Unincorporated community in the state of Alaska, United States

Ekuk (Iquk) is a small unincorporated community in the Dillingham Census Area in the U.S. state of Alaska. As of both the 2000 and 2010 U.S. Censuses, it had a population of 2. It is classified by the U.S. Census as an Alaska Native Village Statistical Area (ANVSA).
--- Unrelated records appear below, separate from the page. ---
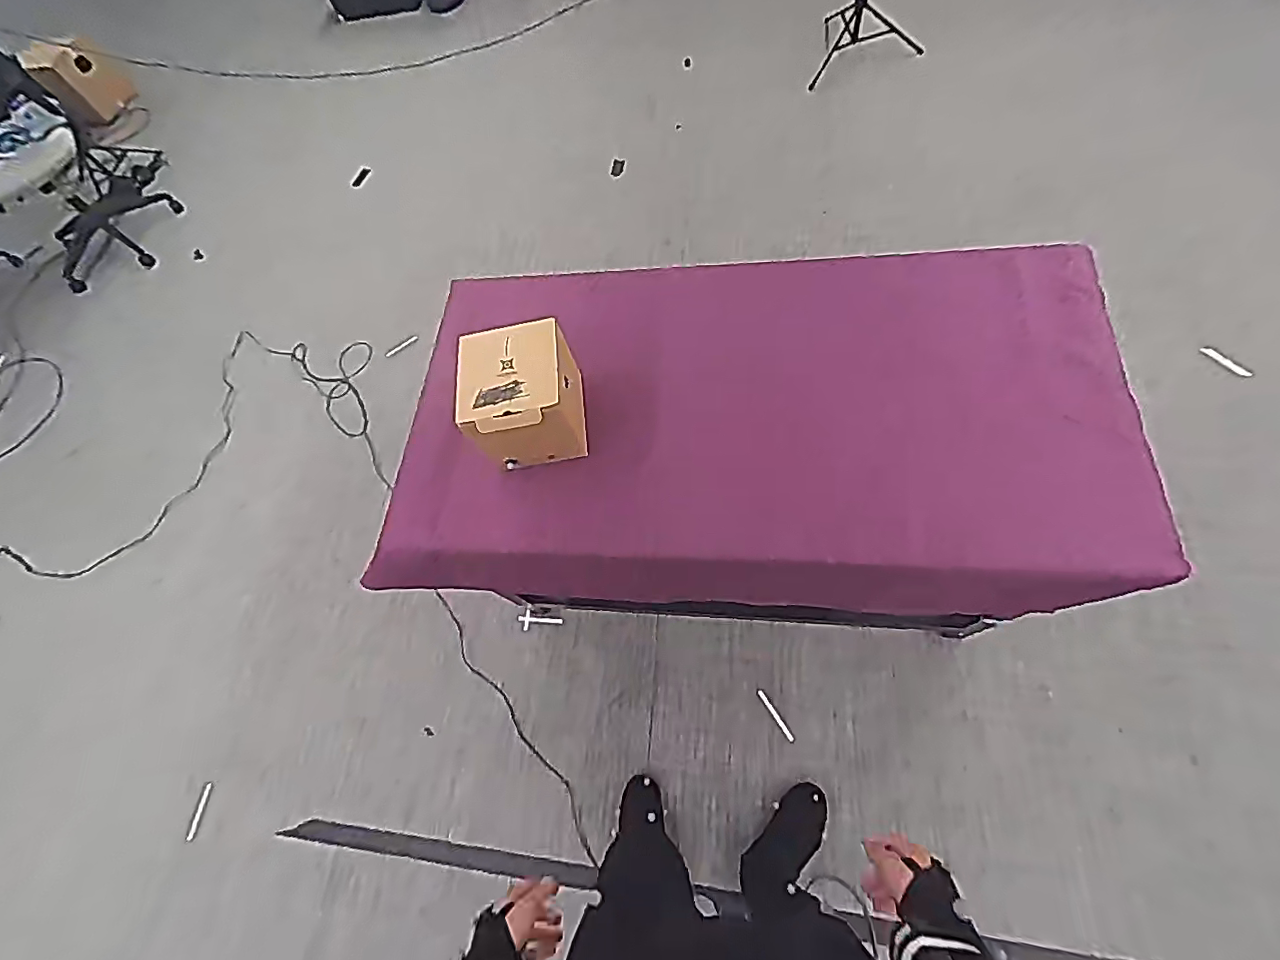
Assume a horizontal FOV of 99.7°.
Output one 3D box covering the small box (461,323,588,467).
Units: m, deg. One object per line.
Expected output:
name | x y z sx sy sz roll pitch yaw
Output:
small box | -0.190 -0.134 0.927 0.168 0.176 0.179 -10 64 5

Until 2002 it was the site of a large fish processing operation owned by Wards Cove Packing Company. Currently, it is inhabited mainly by seasonal fishing families who set gillnet in the nearby waters of the Nushagak Bay for mid-summer runs of sockeye salmon, early season runs of king salmon and late season runs of silver salmon.

Located 15 mi southeast of Dillingham, Ekuk is accessible only by sea or by air.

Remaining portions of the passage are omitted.